Wisconsin. Governor: Claims Concerning Railroad Companies, 1880-1888

Biography/History

Congressional acts in 1856 and 1864 gave Wisconsin more than 2.5 million acres of federal land for use as potential grants to encourage railroad construction. The state, which would add large amounts of its own unclaimed land to this total, was responsible for the administration of the granting process. By this device, railroad companies could acquire large and valuable tracts of timberland. By the 1870s the largest stand of untouched forest in the state was an area of northwestern Wisconsin extending to Lake Superior. Some of this land had been reserved by the state for purpose of granting it to a railroad company that would complete a line to the City of Superior.

In 1874, the legislature apportioned approximately 400,000 acres of this land to the Chicago and Northern Pacific Air Line Railway Company (later known as the Chicago, Portage & Superior - hereafter referred to as the Portage RR). The railroad agreed to build a sixty-five mile long section of line running from the St. Croix River at Superior Junction to Superior. In 1878, the legislature extended by three years the period for fulfillment allowed to the railroad.

In 1879 several other railroad lines merged to form the Chicago, St. Paul, Minneapolis, and Omaha Railroad (hereafter: Omaha RR). This railroad had more than one thousand miles of track in Wisconsin, Minnesota, and Nebraska. Oshkosh lumber baron and later United States Senator Philetus Sawyer was influential in creation of this company and became its first vice-president. The company's attorney was another future senator, John C. Spooner of Hudson. The land granted to the Portage RR was also desired by both the newly-formed Omaha Railroad and the Chicago, Milwaukee & St. Paul Railroad (hereafter: St. Paul RR). In 1880, Spooner and the Omaha RR began a legal battle in the federal courts and the state legislature attempting to get this land grant. He argued that the Portage RR was incapable of fulfilling its agreement to complete the line in the allotted time. On January 10, 1882, the Omaha RR and the St. Paul RR entered an agreement to cooperate in acquiring the Portage RR grant for the Omaha RR. In return for helping it get the grant, the Omaha RR agreed to sell to the St.
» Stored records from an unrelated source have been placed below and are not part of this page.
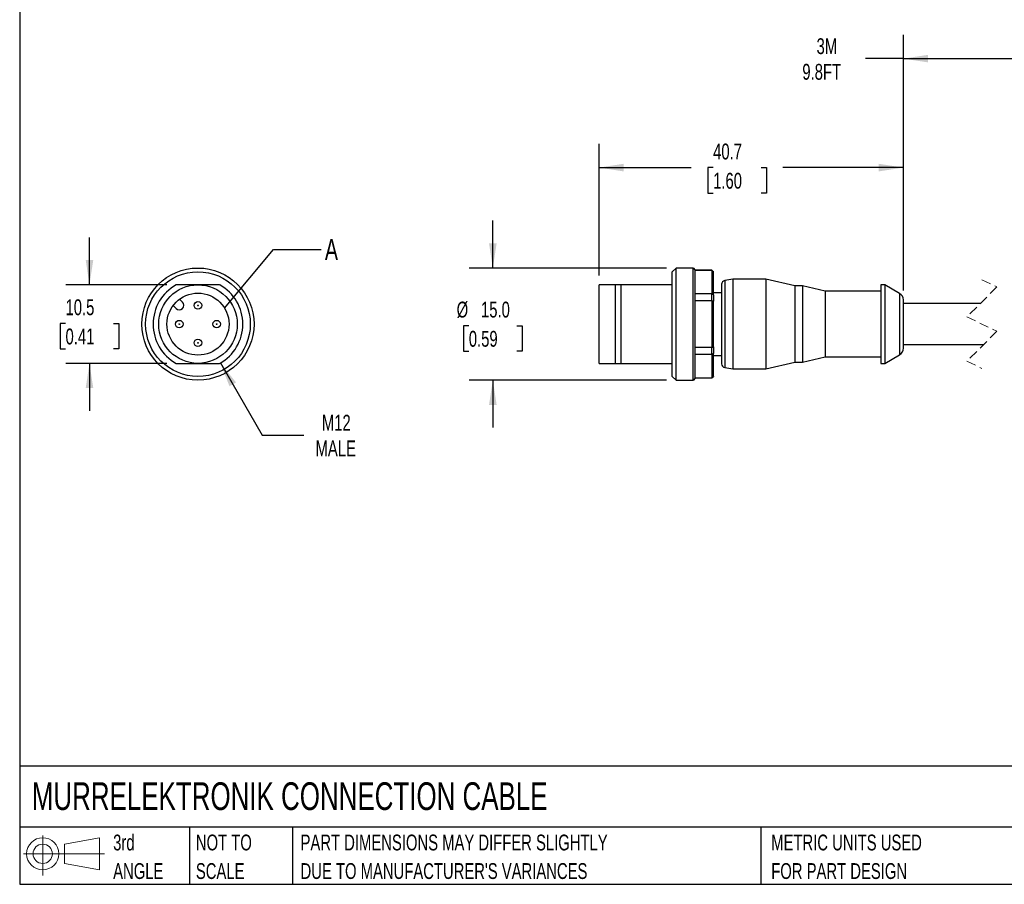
# Model space of a CAD drawing. Header units: millimetres. Extents: x 6 to 273, y 6 to 210.
# Tile 1 of 3: x 6 to 138, y 6 to 122. Entities that reach past the tile are written whole.
import ezdxf

# ---------------------------------------------------------------- set-up
doc = ezdxf.new("R2010")
doc.units = ezdxf.units.MM
doc.linetypes.add('SLD-Dashed', pattern=[1.905, 1.27, -0.635])
doc.linetypes.add('SLD-Solid', pattern=[0])
doc.layers.add('DIMENSIONS', color=140, linetype='SLD-Solid', lineweight=25)
doc.layers.add('TEXT', color=140, linetype='SLD-Solid', lineweight=25)
doc.layers.add('SLD-DEFPOINTS', color=7, linetype='Continuous')
doc.styles.add('SLDTEXTSTYLE0', font='TXT', dxfattribs={"width": 0.7})
doc.dimstyles.new('SLDDIMSTYLE0', dxfattribs={"dimtxt": 2.158008, "dimasz": 3.302, "dimexe": 0, "dimexo": 0.0625, "dimgap": 0.539502, "dimtad": 0, "dimtih": 1, "dimtoh": 1, "dimdec": 1, "dimrnd": 1e-09, "dimzin": 12, "dimdsep": 46, "dimtxsty": 'SLDTEXTSTYLE0', "dimsah": 1, "dimcen": 0, "dimadec": 0, "dimazin": 3, "dimtfac": 1, "dimtdec": 1, "dimtofl": 0, "dimtmove": 0, "dimatfit": 3, "dimfxl": 0, "dimfrac": 2, "dimtolj": 1, "dimtzin": 12, "dimarcsym": 0})
doc.dimstyles.new('SLDDIMSTYLE1', dxfattribs={"dimtxt": 2.158008, "dimasz": 3.302, "dimexe": 0, "dimexo": 0.0625, "dimgap": 0.539502, "dimtad": 0, "dimtih": 1, "dimtoh": 1, "dimdec": 1, "dimrnd": 1e-09, "dimzin": 12, "dimdsep": 46, "dimtxsty": 'SLDTEXTSTYLE0', "dimsah": 1, "dimcen": 0.09, "dimadec": 0, "dimazin": 3, "dimtfac": 1, "dimtdec": 1, "dimtmove": 0, "dimatfit": 0, "dimfxl": 0, "dimfrac": 2, "dimtolj": 1, "dimtzin": 12, "dimarcsym": 0})
doc.dimstyles.new('SLDDIMSTYLE2', dxfattribs={"dimtxt": 0.18, "dimasz": 3.302, "dimexe": 0, "dimexo": 0.0625, "dimgap": 0, "dimtad": 0, "dimtih": 1, "dimtoh": 1, "dimdec": 0, "dimrnd": 1e-09, "dimzin": 0, "dimdsep": 46, "dimtxsty": 'Standard', "dimblk1": 'NONE', "dimblk2": 'NONE', "dimsah": 1, "dimcen": 0.09, "dimadec": 0, "dimazin": 0, "dimtfac": 3.302, "dimtdec": 0, "dimtofl": 0, "dimtmove": 0, "dimatfit": 3, "dimldrblk": 'NONE', "dimfxl": 0, "dimfrac": 2, "dimtolj": 1, "dimtzin": 0, "dimarcsym": 0})
doc.dimstyles.new('SLDDIMSTYLE3', dxfattribs={"dimtxt": 2.158008, "dimasz": 3.302, "dimexe": 0, "dimexo": 0.0625, "dimgap": 0.539502, "dimtad": 0, "dimtih": 1, "dimtoh": 1, "dimdec": 1, "dimrnd": 1e-09, "dimzin": 4, "dimdsep": 46, "dimtxsty": 'SLDTEXTSTYLE0', "dimsah": 1, "dimcen": 0.09, "dimadec": 0, "dimazin": 1, "dimtfac": 1, "dimtdec": 1, "dimtmove": 0, "dimatfit": 0, "dimfxl": 0, "dimfrac": 2, "dimtolj": 1, "dimtzin": 12, "dimarcsym": 0})
doc.dimstyles.new('SLDDIMSTYLE5', dxfattribs={"dimtxt": 2.158008, "dimasz": 3.302, "dimexe": 0, "dimexo": 0.0625, "dimgap": 0.539502, "dimtad": 0, "dimtih": 1, "dimtoh": 1, "dimdec": 1, "dimrnd": 1e-09, "dimzin": 12, "dimdsep": 46, "dimtxsty": 'SLDTEXTSTYLE0', "dimsah": 1, "dimcen": 0.09, "dimadec": 0, "dimazin": 3, "dimtfac": 1, "dimtdec": 1, "dimtofl": 0, "dimtmove": 0, "dimatfit": 3, "dimfxl": 0, "dimfrac": 2, "dimtolj": 1, "dimtzin": 12, "dimarcsym": 0})

# ---------------------------------------------------------------- blocks, each defined once
blk = doc.blocks.new('Block11')
at = {"color": 7, "linetype": 'SLD-Solid', "lineweight": 18}
for p, q in [((2.59, 5.31), (2.59, 0)), ((5.48, 4.17), (10.18, 5.03)), ((5.48, 1.6), (5.48, 4.17)), ((10.18, 5.03), (10.18, 0.73)), ((0, 2.88), (10.87, 2.88)), ((5.48, 1.6), (10.18, 0.73))]:
    blk.add_line(p, q, dxfattribs=at)
for radius in [2.15, 1.29]:
    blk.add_circle((2.59, 2.88), radius, dxfattribs=at)
blk = doc.blocks.new('Block12')
at = {"layer": 'SLD-DEFPOINTS'}
blk.add_blockref('Block11', (0, 0), dxfattribs=at)
blk = doc.blocks.new('SW_NOTE_0_2')
at = {"layer": 'TEXT', "color": 0, "char_height": 2.1167, "attachment_point": 1, "style": 'SLDTEXTSTYLE0'}
for s, insert in [('PART DIMENSIONS MAY DIFFER SLIGHTLY', (0, 2.73)), ("DUE TO MANUFACTURER'S VARIANCES", (0, -1.09))]:
    blk.add_mtext(s, dxfattribs=dict(at, insert=insert))
blk = doc.blocks.new('SW_NOTE_0_3')
at = {"layer": 'TEXT', "color": 0, "char_height": 2.117, "attachment_point": 1, "style": 'SLDTEXTSTYLE0'}
for s, insert in [('NOT TO', (0, 2.73)), ('SCALE', (0, -1.09))]:
    blk.add_mtext(s, dxfattribs=dict(at, insert=insert))
blk = doc.blocks.new('SW_NOTE_0_4')
at = {"layer": 'TEXT', "color": 0, "char_height": 2.117, "attachment_point": 1, "style": 'SLDTEXTSTYLE0'}
for s, insert in [('3rd', (0, 2.73)), ('ANGLE', (0, -1.09))]:
    blk.add_mtext(s, dxfattribs=dict(at, insert=insert))
blk = doc.blocks.new('SW_NOTE_0_5')
at = {"layer": 'TEXT', "color": 0, "char_height": 2.1167, "attachment_point": 1, "style": 'SLDTEXTSTYLE0'}
for s, insert in [('METRIC UNITS USED', (0, 2.73)), ('FOR PART DESIGN', (0, -1.09))]:
    blk.add_mtext(s, dxfattribs=dict(at, insert=insert))
blk = doc.blocks.new('_D')
at = {"layer": 'DIMENSIONS'}
for p, q in [((33.19, 76.08), (38.77, 66.41)), ((38.77, 66.41), (44.33, 66.41))]:
    blk.add_line(p, q, dxfattribs=at)
blk.add_solid([(33.19, 76.08), (34.4, 72.96), (35.28, 73.47)], dxfattribs=at)
at = {"layer": 'DIMENSIONS', "char_height": 2.117, "attachment_point": 1, "style": 'SLDTEXTSTYLE0'}
for s, insert in [('M12', (46.76, 69.14)), ('MALE', (45.91, 65.71))]:
    blk.add_mtext(s, dxfattribs=dict(at, insert=insert))
blk = doc.blocks.new('_D_1')
at = {"layer": 'DIMENSIONS'}
for p, q in [((15.68, 86.52), (15.68, 92.87)), ((26.02, 86.52), (12.51, 86.52)), ((12.48, 81.37), (11.75, 81.37)), ((11.75, 81.37), (11.75, 77.94)), ((18.89, 81.37), (19.61, 81.37)), ((19.61, 81.37), (19.61, 77.94)), ((11.75, 77.94), (12.48, 77.94)), ((19.61, 77.94), (18.89, 77.94)), ((26.02, 76.02), (12.51, 76.02)), ((15.68, 76.02), (15.68, 69.67))]:
    blk.add_line(p, q, dxfattribs=at)
for points in [[(15.68, 86.52), (16.19, 89.83), (15.18, 89.83)], [(15.68, 76.02), (15.18, 72.72), (16.19, 72.72)]]:
    blk.add_solid(points, dxfattribs=at)
at = {"layer": 'DIMENSIONS', "char_height": 2.117, "attachment_point": 1, "style": 'SLDTEXTSTYLE0'}
for s, insert in [('10.5', (12.48, 84.58)), ('0.41', (12.48, 80.67))]:
    blk.add_mtext(s, dxfattribs=dict(at, insert=insert))
blk = doc.blocks.new('_None')
blk = doc.blocks.new('_D_2')
at = {"layer": 'DIMENSIONS'}
for p, q in [((69.62, 88.77), (69.62, 95.12)), ((92.85, 88.77), (66.44, 88.77)), ((66.41, 81.06), (65.69, 81.06)), ((65.69, 81.06), (65.69, 77.63)), ((72.82, 81.06), (73.55, 81.06)), ((73.55, 81.06), (73.55, 77.63)), ((65.69, 77.63), (66.41, 77.63)), ((73.55, 77.63), (72.82, 77.63)), ((92.85, 73.77), (66.44, 73.77)), ((69.62, 73.77), (69.62, 67.42))]:
    blk.add_line(p, q, dxfattribs=at)
for points in [[(69.62, 88.77), (70.13, 92.08), (69.11, 92.08)], [(69.62, 73.77), (69.11, 70.47), (70.13, 70.47)]]:
    blk.add_solid(points, dxfattribs=at)
at = {"layer": 'DIMENSIONS', "char_height": 2.117, "attachment_point": 1, "style": 'SLDTEXTSTYLE0'}
for s, insert in [('%%c', (64.78, 84.27)), ('15.0', (68.04, 84.27)), ('0.59', (66.41, 80.36))]:
    blk.add_mtext(s, dxfattribs=dict(at, insert=insert))
blk = doc.blocks.new('_D_4')
at = {"layer": 'DIMENSIONS'}
for p, q in [((83.82, 87.79), (83.82, 105.38)), ((124.52, 85.77), (124.52, 105.38)), ((83.82, 102.2), (96.15, 102.2)), ((99.08, 102.2), (98.35, 102.2)), ((98.35, 102.2), (98.35, 98.77)), ((105.49, 102.2), (106.22, 102.2)), ((106.22, 102.2), (106.22, 98.77)), ((124.52, 102.2), (108.42, 102.2)), ((98.35, 98.77), (99.08, 98.77)), ((106.22, 98.77), (105.49, 98.77))]:
    blk.add_line(p, q, dxfattribs=at)
for points in [[(83.82, 102.2), (87.12, 101.69), (87.12, 102.71)], [(124.52, 102.2), (121.22, 102.71), (121.22, 101.69)]]:
    blk.add_solid(points, dxfattribs=at)
at = {"layer": 'DIMENSIONS', "char_height": 2.117, "attachment_point": 1, "style": 'SLDTEXTSTYLE0'}
for s, insert in [('40.7', (99.08, 105.41)), ('1.60', (99.08, 101.5))]:
    blk.add_mtext(s, dxfattribs=dict(at, insert=insert))
blk = doc.blocks.new('_D_6')
at = {"layer": 'DIMENSIONS'}
for p, q in [((124.52, 85.77), (124.52, 119.95)), ((149.25, 85.89), (149.25, 119.95)), ((142.31, 115.36), (143.72, 118.18)), ((143.72, 118.18), (144.43, 116.77)), ((124.52, 116.77), (119.47, 116.77)), ((124.52, 116.77), (141.6, 116.77)), ((141.6, 116.77), (142.31, 115.36)), ((144.43, 116.77), (149.25, 116.77))]:
    blk.add_line(p, q, dxfattribs=at)
for points in [[(124.52, 116.77), (127.82, 116.27), (127.82, 117.28)], [(149.25, 116.77), (145.95, 117.28), (145.95, 116.27)]]:
    blk.add_solid(points, dxfattribs=at)
at = {"layer": 'DIMENSIONS', "char_height": 2.117, "attachment_point": 1, "style": 'SLDTEXTSTYLE0'}
for s, insert in [('3M', (112.91, 119.5)), ('9.8FT', (111.01, 116.07))]:
    blk.add_mtext(s, dxfattribs=dict(at, insert=insert))

msp = doc.modelspace()

# ---------------------------------------------------------------- linework, layer by layer
for p, q in [((94.12, 88.77), (93.62, 88.27)), ((93.62, 74.27), (93.62, 88.27)), ((96.42, 88.77), (94.12, 88.77)), ((94.12, 73.77), (94.12, 88.77)), ((96.42, 73.77), (96.42, 88.77)), ((96.62, 88.57), (96.62, 81.27)), ((98.92, 88.47), (96.62, 88.47)), ((98.92, 88.45), (96.62, 88.45)), ((99.12, 88.27), (98.92, 88.47)), ((98.92, 88.45), (98.92, 88.47)), ((98.92, 88.45), (98.92, 85.35)), ((99.12, 88.27), (99.12, 88.25)), ((99.12, 85.2), (99.12, 88.25)), ((101.72, 87.27), (100.63, 87.08)), ((100.63, 87.08), (100.63, 75.46)), ((106.12, 87.27), (101.72, 87.27)), ((101.72, 87.27), (101.72, 75.27)), ((110.02, 86.37), (106.12, 87.27)), ((106.12, 87.27), (106.12, 75.27)), ((30.19, 86.52), (27.29, 86.52)), ((33.09, 86.52), (30.19, 86.52)), ((86.02, 86.52), (83.82, 86.52)), ((83.82, 76.02), (83.82, 86.52)), ((86.02, 76.02), (86.02, 86.52)), ((86.77, 86.52), (86.02, 86.52)), ((86.77, 76.02), (86.77, 86.52)), ((93.62, 86.52), (86.77, 86.52)), ((100.22, 86.59), (100.22, 75.96)), ((111.02, 86.37), (110.02, 86.37)), ((110.02, 86.37), (110.02, 76.17)), ((114.05, 85.67), (111.02, 86.37)), ((111.02, 86.37), (111.02, 76.17)), ((121.52, 85.67), (114.05, 85.67)), ((114.05, 85.67), (114.05, 76.87)), ((122.02, 86.52), (121.52, 86.52)), ((121.52, 86.52), (121.52, 76.02)), ((124.02, 85.37), (122.02, 86.52)), ((122.02, 86.52), (122.02, 76.02)), ((27.71, 84.6), (28.1, 84.21)), ((96.62, 85.35), (98.92, 85.35)), ((98.92, 84.37), (96.62, 84.37)), ((98.92, 84.37), (98.92, 85.35)), ((98.92, 84.37), (98.92, 78.18)), ((100.22, 85.47), (99.12, 85.47)), ((99.12, 85.2), (99.12, 84.32)), ((99.12, 78.22), (99.12, 84.32)), ((124.02, 85.37), (124.02, 77.18)), ((124.52, 78.04), (124.52, 84.5)), ((27.26, 83.36), (26.86, 83.75)), ((134.8, 84.02), (124.52, 84.02)), ((96.62, 81.27), (96.62, 73.97)), ((96.62, 78.18), (98.92, 78.18)), ((98.92, 77.19), (98.92, 78.18)), ((99.12, 78.22), (99.12, 77.34)), ((124.52, 78.52), (135.23, 78.52)), ((98.92, 77.19), (96.62, 77.19)), ((98.92, 77.19), (98.92, 74.1)), ((99.12, 74.29), (99.12, 77.34)), ((99.12, 77.07), (100.22, 77.07)), ((111.02, 76.17), (114.05, 76.87)), ((114.05, 76.87), (121.52, 76.87)), ((122.02, 76.02), (124.02, 77.18)), ((27.29, 76.02), (30.19, 76.02)), ((30.19, 76.02), (33.09, 76.02)), ((83.82, 76.02), (86.02, 76.02)), ((86.02, 76.02), (86.77, 76.02)), ((86.77, 76.02), (93.62, 76.02)), ((100.63, 75.46), (101.72, 75.27)), ((101.72, 75.27), (106.12, 75.27)), ((106.12, 75.27), (110.02, 76.17)), ((110.02, 76.17), (111.02, 76.17)), ((121.52, 76.02), (122.02, 76.02)), ((93.62, 74.27), (94.12, 73.77)), ((94.12, 73.77), (96.42, 73.77)), ((96.62, 74.1), (98.92, 74.1)), ((96.62, 74.07), (98.92, 74.07)), ((98.92, 74.07), (99.12, 74.27)), ((98.92, 74.07), (98.92, 74.1)), ((99.12, 74.29), (99.12, 74.27))]:
    msp.add_line(p, q)
at = {"color": 7, "linetype": 'SLD-Dashed', "lineweight": 18}
for p, q in [((135.02, 87.2), (137.02, 86.24)), ((137.02, 86.24), (133.02, 82.24)), ((133.02, 82.24), (137.02, 80.31)), ((137.02, 80.31), (133.02, 76.31)), ((133.02, 76.31), (135.02, 75.35))]:
    msp.add_line(p, q, dxfattribs=at)
at = {"flags": 128}
for points in [[(99.12, 88.25), (99.01, 88.36), (98.92, 88.45)], [(98.92, 85.35), (99.03, 85.27), (99.12, 85.2)], [(99.12, 84.32), (99.01, 84.35), (98.92, 84.37)], [(98.92, 78.18), (99.03, 78.2), (99.12, 78.22)], [(99.12, 77.34), (99.01, 77.26), (98.92, 77.19)], [(98.92, 74.1), (99.03, 74.21), (99.12, 74.29)]]:
    msp.add_lwpolyline(points, dxfattribs=at)
for centre, radius in [((30.19, 81.27), 7.5), ((30.19, 81.27), 7), ((30.19, 81.27), 5.25), ((30.19, 81.27), 4.15), ((30.19, 83.77), 0.5), ((30.19, 83.77), 0.05), ((27.69, 81.27), 0.5), ((32.69, 81.27), 0.5), ((27.69, 81.27), 0.05), ((32.69, 81.27), 0.05), ((30.19, 78.77), 0.5), ((30.19, 78.77), 0.05)]:
    msp.add_circle(centre, radius)
for centre, radius, start, end in [((96.42, 88.57), 0.2, 0.0007, 89.9993), ((100.72, 86.59), 0.5, 99.9995, 180), ((30.19, 81.27), 6, 118.955, 241.045), ((30.19, 81.27), 6, 298.955, 61.045), ((123.52, 84.5), 1, 0, 59.9999), ((27.68, 83.78), 0.6, 225, 45), ((123.52, 78.04), 1, 300.0001, 360), ((100.72, 75.96), 0.5, 180, 260.0005), ((96.42, 73.97), 0.2, 270.0007, 359.9993)]:
    msp.add_arc(centre, radius, start, end)
at = {"layer": 'TEXT'}
for p, q in [((6.35, 209.55), (6.35, 6.35)), ((273.05, 22.13), (6.35, 22.13)), ((273.05, 13.97), (6.35, 13.97)), ((29.04, 13.97), (29.04, 6.35)), ((42.84, 13.97), (42.84, 6.35)), ((105.48, 13.97), (105.48, 6.35)), ((6.35, 6.35), (273.05, 6.35))]:
    msp.add_line(p, q, dxfattribs=at)
msp.add_circle((30.19, 81.27), 4.15, dxfattribs=at)

# ---------------------------------------------------------------- block references
at = {"layer": 'SLD-DEFPOINTS'}
msp.add_blockref('Block12', (6.84, 7.55), dxfattribs=at)
at = {"layer": 'TEXT'}
for name, p in [('SW_NOTE_0_4', (18.85, 10.27)), ('SW_NOTE_0_3', (29.91, 10.27)), ('SW_NOTE_0_2', (43.91, 10.27)), ('SW_NOTE_0_5', (106.85, 10.27))]:
    msp.add_blockref(name, p, dxfattribs=at)

# ---------------------------------------------------------------- texts
at = {"layer": 'TEXT', "attachment_point": 1, "style": 'SLDTEXTSTYLE0'}
for s, insert, char_height in [('A', (47.16, 92.64), 2.82), ('MURRELEKTRONIK CONNECTION CABLE', (7.97, 19.99), 3.7042)]:
    msp.add_mtext(s, dxfattribs=dict(at, insert=insert, char_height=char_height))

# ---------------------------------------------------------------- dimensions: what is measured, and where the dimension line sits
at = {"layer": 'DIMENSIONS'}
dim = msp.add_linear_dim(base=(149.25, 116.77), p1=(124.52, 84.5), p2=(149.25, 84.62), text='3M\\P9.8FT', dimstyle='SLDDIMSTYLE5', dxfattribs=at)
dim.commit()
dim.dimension.update_dxf_attribs({"geometry": '_D_6', "text_midpoint": (115, 116.77), "dimtype": 160})
dim = msp.add_linear_dim(base=(124.52, 102.2), p1=(83.82, 86.52), p2=(124.52, 84.5), dimstyle='SLDDIMSTYLE5', dxfattribs=at)
dim.commit()
dim.dimension.update_dxf_attribs({"geometry": '_D_4', "text_midpoint": (102.29, 102.2), "dimtype": 160})
dim = msp.add_linear_dim(base=(69.62, 88.77), p1=(94.12, 73.77), p2=(94.12, 88.77), angle=90, text='%%c<>', dimstyle='SLDDIMSTYLE3', dxfattribs=at)
dim.commit()
dim.dimension.update_dxf_attribs({"geometry": '_D_2', "text_midpoint": (69.62, 81.06), "dimtype": 160})
dim = msp.add_linear_dim(base=(15.68, 76.02), p1=(27.29, 86.52), p2=(27.29, 76.02), angle=90, dimstyle='SLDDIMSTYLE1', dxfattribs=at)
dim.commit()
dim.dimension.update_dxf_attribs({"geometry": '_D_1', "text_midpoint": (15.68, 81.37), "dimtype": 160})
dim = msp.add_radius_dim(center=(30.19, 81.27), mpoint=(33.19, 76.08), text='M12\\PMALE', dimstyle='SLDDIMSTYLE0', override={"dimpost": '<>'}, dxfattribs=at)
dim.commit()
dim.dimension.update_dxf_attribs({"geometry": '_D', "text_midpoint": (49.74, 66.41), "dimtype": 164})

# ---------------------------------------------------------------- leaders
at = {"layer": 'TEXT', "has_arrowhead": 0}
msp.add_leader([(33.74, 83.42), (40.31, 91.23), (46.66, 91.23)], dimstyle='SLDDIMSTYLE2', dxfattribs=at)

doc.saveas('drawing.dxf')

Paul RR 25% of all the land plus rights to use the trackage.

In January 1882 the Portage RR had approximately 1700 men working along its construction route in various labor camps. The company was deeply in debt to its subcontractors. During that month, in a sequence of events that is not clear, two important events occurred. First, the Portage RR went bankrupt, closed its operations and left its employees stranded in the cold without payment, shelter or food. Second, the Omaha RR agreed to purchase two million dollars of Portage RR stock at 10% face value in return for the right to complete its track and acquire its land grant.

As a result of these events, newly-inaugurated Governor Jeremiah Rusk was faced with the first crisis of his administration. On January 26, 1882 he received telegrams from various subcontractors and merchants who had supplied the Portage RR asking for militia protection from unemployed workers who had occupied railroad buildings and seized food and supplies. Rusk also received telegrams from a delegation of workers demanding that he force the railroad to pay back wages. Rusk turned down the request for troops telling the legislature that these men needed bread, not bayonets. At the same time, he proposed that the Omaha RR assume the company's outstanding debts in return for the rights to the granted land. He quickly dispatched State Senator Cyrus M. Butt of Viroqua to Superior Junction to act as his investigator and claims agent. Butt was ordered to ascertain the legitimacy of the workers' demands, to arrange for emergency shelter and sustenance, and to do what he could to defuse the situation. The Omaha RR agreed to Rusk's terms, and it made available $78,000 to pay outstanding wages and subsistence. On February 16, 1882, the governor signed an act transferring the grant from the Portage RR to the Omaha RR.

Butt succeeded in convincing the Portage RR workers to cease their seizures of property and to submit claims for adjudication. He also arranged for most of the workers to be transported out of the area to other areas where they could find work. During the first several months of 1882, Cyrus Butt paid most of the wage claims using the funds set aside for that purpose.

The governor's office continued paying claims until November 1882. Some claims were not paid because they did not fall into the specifications of the original agreement with the Omaha RR. This resulted in a legal action against the governor that went to the state Supreme Court. (The court ultimately declined to intercede on behalf of the claimants.)

The Omaha RR eventually finished the track to Superior and acquired title to the granted lands.